From my own experiences, I can say that sometimes, we are considered intimidating by people who project their lack of confidence on us. We get deemed aggressive when we have to make power moves and decisions that others aren't quiet comfortable with. This is not all our fault and it is a major stigma of what it is to be a woman of color in a leadership role. Leadership, meaning anyone from single mothers to the First Lady of the United States. But when this stereotype prevents others from finding us approachable, are we supposed to check with those that are afraid of us or check ourselves? In this case, both of the white women who found our administrator too intimidating are leaving our school. So, she, like many of us, will never know that we are feared instead of respected by our co-workers. How do we address an issues that isn't presented to us?

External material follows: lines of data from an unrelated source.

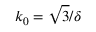Convert formula to latex. <formula><loc_0><loc_0><loc_500><loc_500>k _ { 0 } = \sqrt { 3 } / \delta</formula> 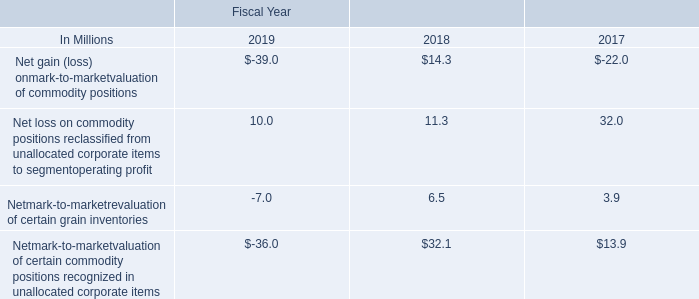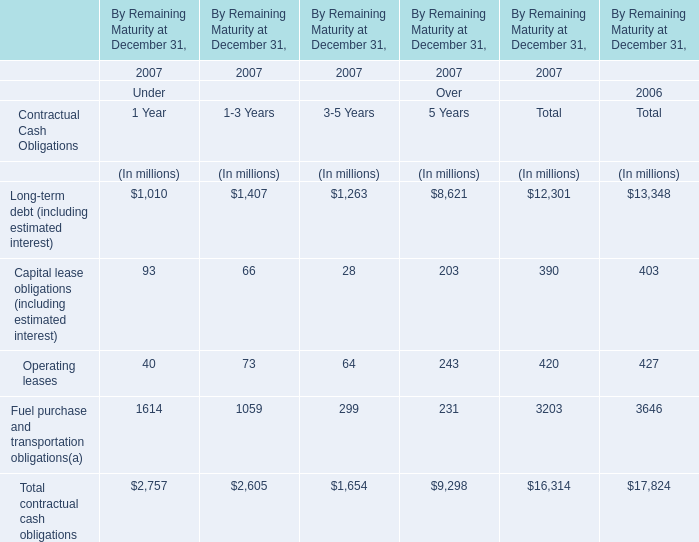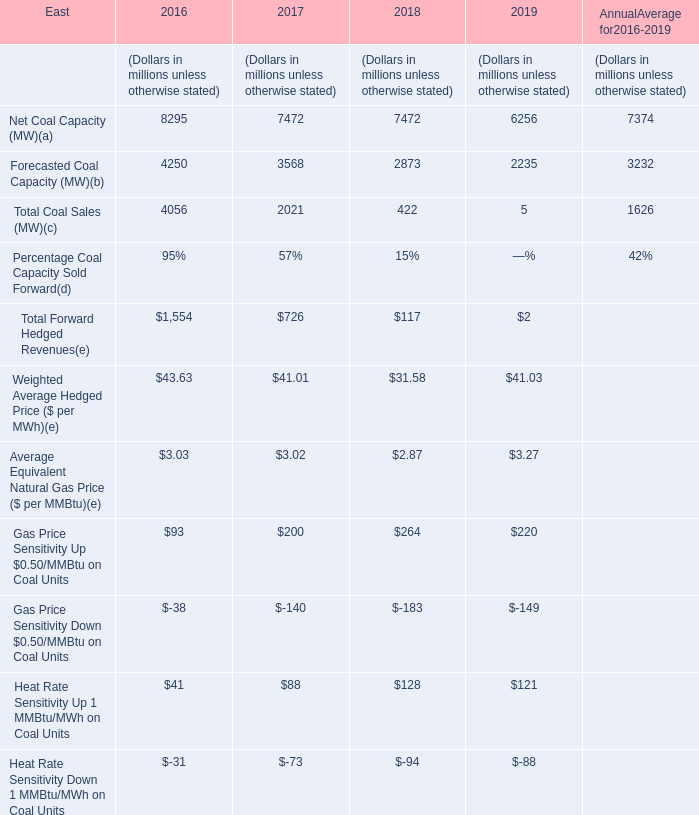what portion of the net notional value of commodity derivatives is related to energy inputs? 
Computations: (69.6 / 242.9)
Answer: 0.28654. 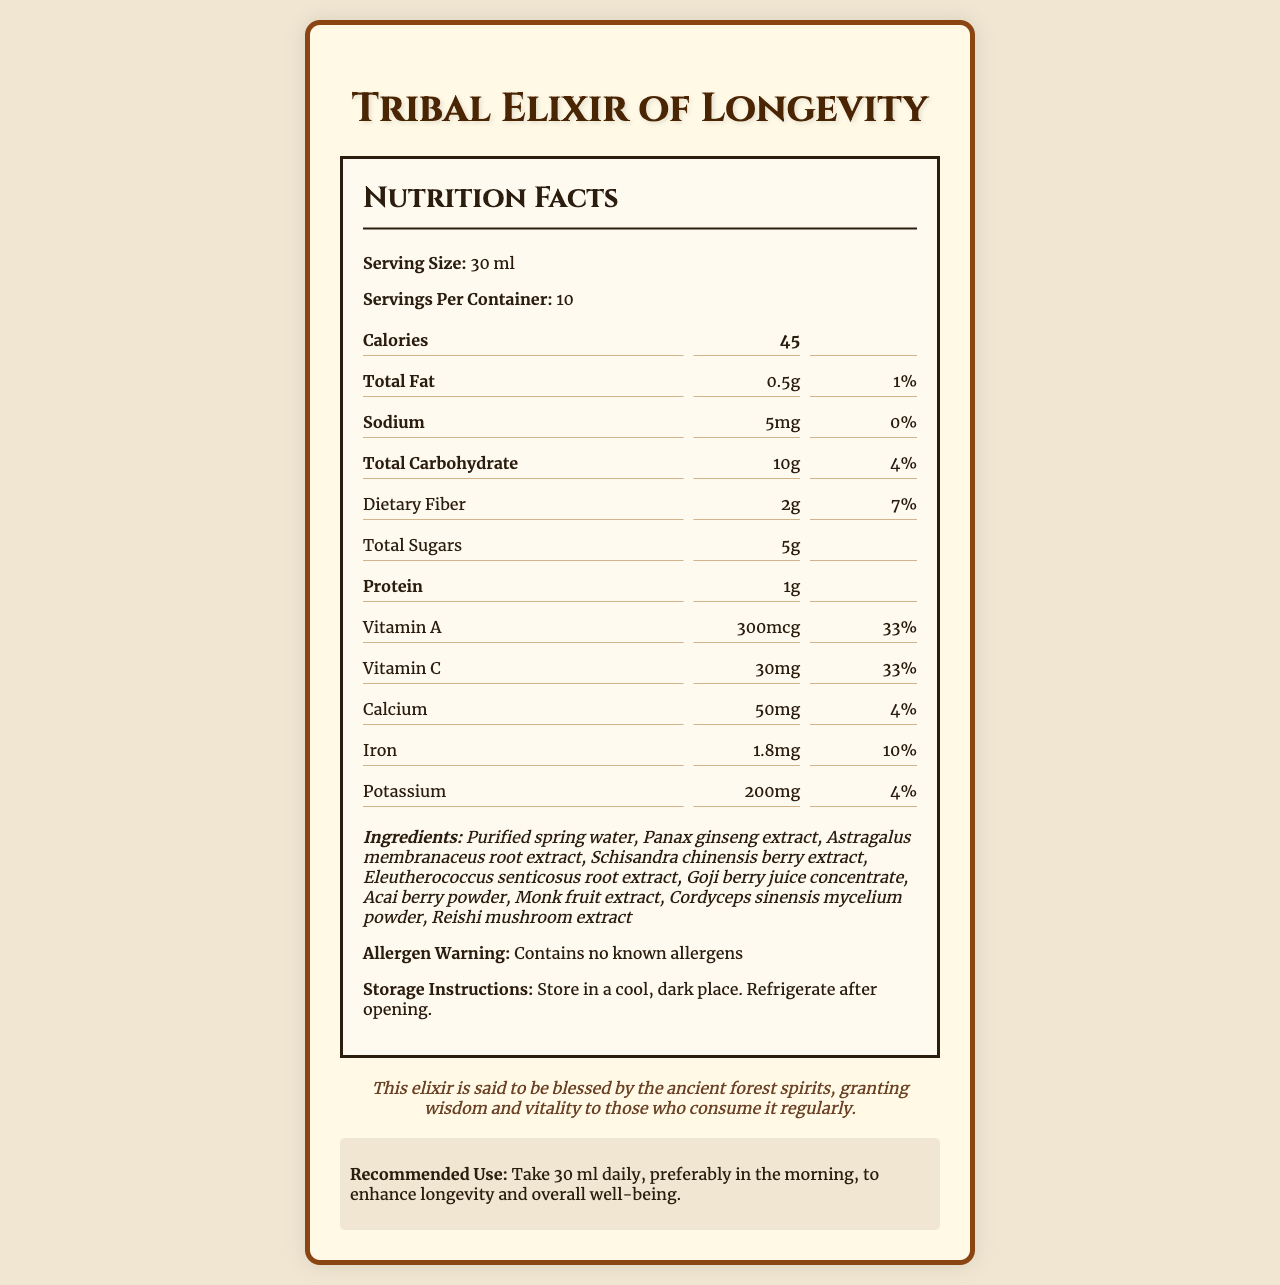what is the serving size? The serving size is mentioned at the beginning of the nutrition facts: "Serving Size: 30 ml."
Answer: 30 ml how many servings are there per container? The document states: "Servings Per Container: 10."
Answer: 10 how much calcium is present per serving? Under the nutrition information, it specifies: "Calcium: 50 mg."
Answer: 50 mg what is the amount of total sugars per serving? The nutrition info shows: "Total Sugars: 5g."
Answer: 5g how much protein is in each serving? The protein content is listed as: "Protein: 1g."
Answer: 1g which vitamin is highest in daily value percentage? A. Vitamin A B. Vitamin C C. Calcium D. Iron Vitamin A and Vitamin C both have a daily value of 33%, which is the highest listed.
Answer: A what are the instructions for storing the elixir? A. Store in a warm, bright place B. Refrigerate immediately C. Store in a cool, dark place and refrigerate after opening D. None of the above The storage instructions are: "Store in a cool, dark place. Refrigerate after opening."
Answer: C is there any dietary fiber in this elixir? The nutrition facts indicate: "Dietary Fiber: 2g."
Answer: Yes summarize the main idea of the document. The document provides comprehensive nutritional information about the elixir, including caloric content, macronutrients, vitamins, and minerals, and lists its ingredients. It also includes storage instructions, an allergen warning, a tribal legend that emphasizes the elixir's vitality-enhancing properties, and recommended usage instructions.
Answer: The document is a nutrition facts label for a secret longevity elixir from a rival tribe, detailing serving size, nutrients, ingredients, storage instructions, and a tribal legend. how many calories are there in two servings of the elixir? Each serving contains 45 calories. Therefore, two servings contain 45 x 2 = 90 calories.
Answer: 90 does the elixir contain any allergens? The document states: "Contains no known allergens."
Answer: No what is the name of the secret compound present at 50 mg per serving in the elixir? The paragraph lists: "astragalosides: 50 mg."
Answer: Astragalosides what are the ancient forest spirits believed to grant to those who consume the elixir regularly? The tribal legend section states: "granting wisdom and vitality to those who consume it regularly."
Answer: Wisdom and vitality what flavor additives are used in the elixir? The document does not list flavor additives explicitly but only specifies the ingredients, some of which may contribute natural flavors.
Answer: Cannot be determined what type of extract is used from Panax ginseng? A. Berry extract B. Root extract C. Leaf extract D. Whole plant extract The ingredients list: "Panax ginseng extract", typically root extract but not specified further here. The closest match unrelated to berries is root extract.
Answer: B 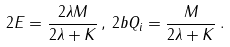<formula> <loc_0><loc_0><loc_500><loc_500>2 E = \frac { 2 \lambda M } { 2 \lambda + K } \, , \, 2 b Q _ { i } = \frac { M } { 2 \lambda + K } \, .</formula> 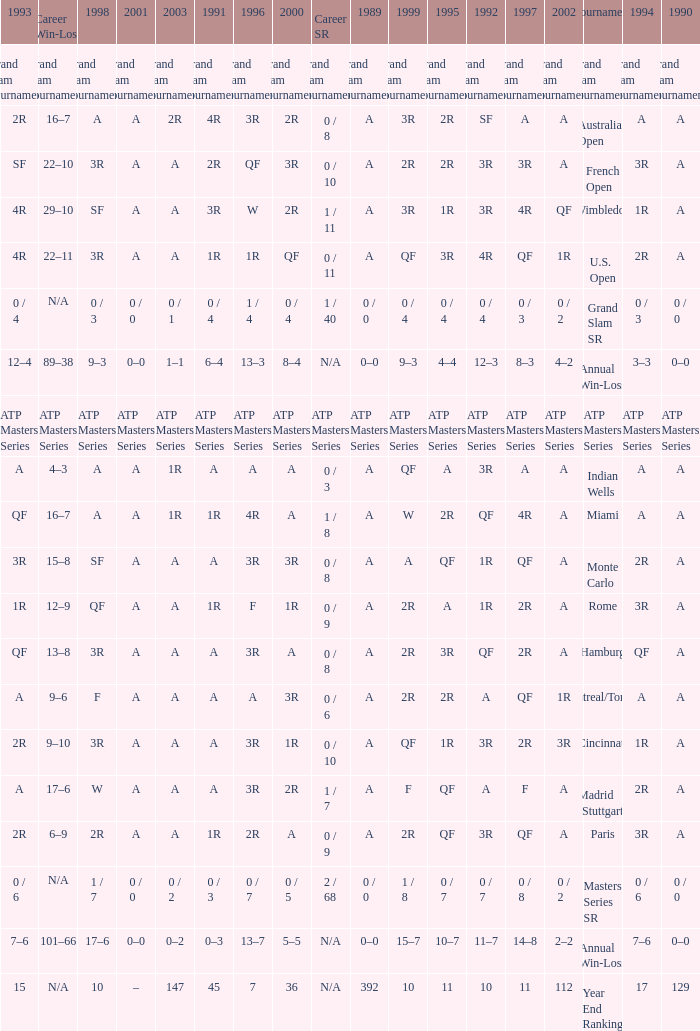What was the value in 1989 with QF in 1997 and A in 1993? A.

Maybe we don't address it head on, but what I do believe we can begin to do is take the proactive steps of making it more verbally known that we are easy to communicate with. This looks different, depending on who you are and who you are dealing with. For example, I have a friend in the same position as my administrator and she has the same population of white female teachers as my school does. She begins her year with two types of off-line conversations to make people feel comfortable with her: a 1 to 1 open-letter journal that they pass back and forth throughout the year and 1 to 1 black-tea-talks off campus. She finds that her more introverted teachers prefer the journal while her other teachers love to go to a coffee shop and just vent. Now, I'm not saying we must do a bunch of unnecessary people pleasing, nor am I saying we must cater to anyone, what I am saying is, we have the power to kill the stereotype that has been put into people's minds as a result of their experiences with other women of color (in media or in person) before they can create the same untrue narrative about us. It's not about making people feel comfortable with us or changing who we are as individuals, it's about making the work environment a safe space for people to be honest and open with us when they need our support. These broken lines of communication will not help us to grow as women in leadership. And if it's taking place in a school, it will also be a great detriment to the betterment of the students.
Of course, there will always be those that will remain afraid to say what they truly feel to our faces, no matter how much comfort we provide them. Again, this is not about ensuring comfort for all, this is about taking steps to altering a very common misconception of us as women of color and women in leadership as a whole. All we can do is our part to support each other while debunking the myths.